• [WHAT IS EXPECTED] Every line of the material below in which "each" shows up is to be located and copied.

☆ ☆ ☆ ☆

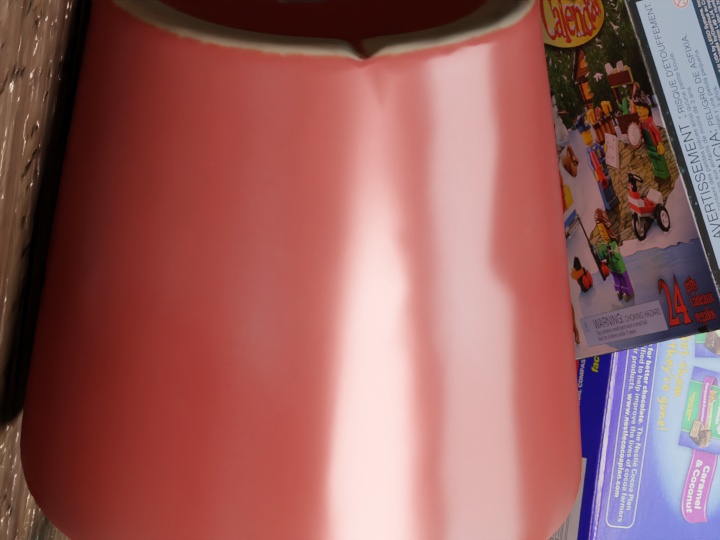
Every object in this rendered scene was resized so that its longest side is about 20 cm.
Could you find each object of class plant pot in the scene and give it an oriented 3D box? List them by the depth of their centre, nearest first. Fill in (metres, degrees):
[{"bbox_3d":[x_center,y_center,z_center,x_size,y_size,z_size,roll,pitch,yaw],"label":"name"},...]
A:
[{"bbox_3d":[-0.018,-0.015,0.913,0.200,0.200,0.178,-58,153,-62],"label":"plant pot"}]

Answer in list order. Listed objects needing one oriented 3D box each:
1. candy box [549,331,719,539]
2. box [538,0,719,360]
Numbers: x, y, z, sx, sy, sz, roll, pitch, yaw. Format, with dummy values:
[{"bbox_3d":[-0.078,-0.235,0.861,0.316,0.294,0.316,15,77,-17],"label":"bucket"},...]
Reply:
[{"bbox_3d":[0.155,0.042,1.115,0.077,0.200,0.170,6,-92,55],"label":"candy box"},{"bbox_3d":[0.077,-0.040,0.949,0.200,0.038,0.137,-21,-93,70],"label":"box"}]

☆ ☆ ☆ ☆

• [RESPONSE TO THE EXERCISE]
Could you find each object of class plant pot in the scene and give it an oriented 3D box? List them by the depth of their centre, nearest first. Fill in (metres, degrees):
Answer in list order. Listed objects needing one oriented 3D box each:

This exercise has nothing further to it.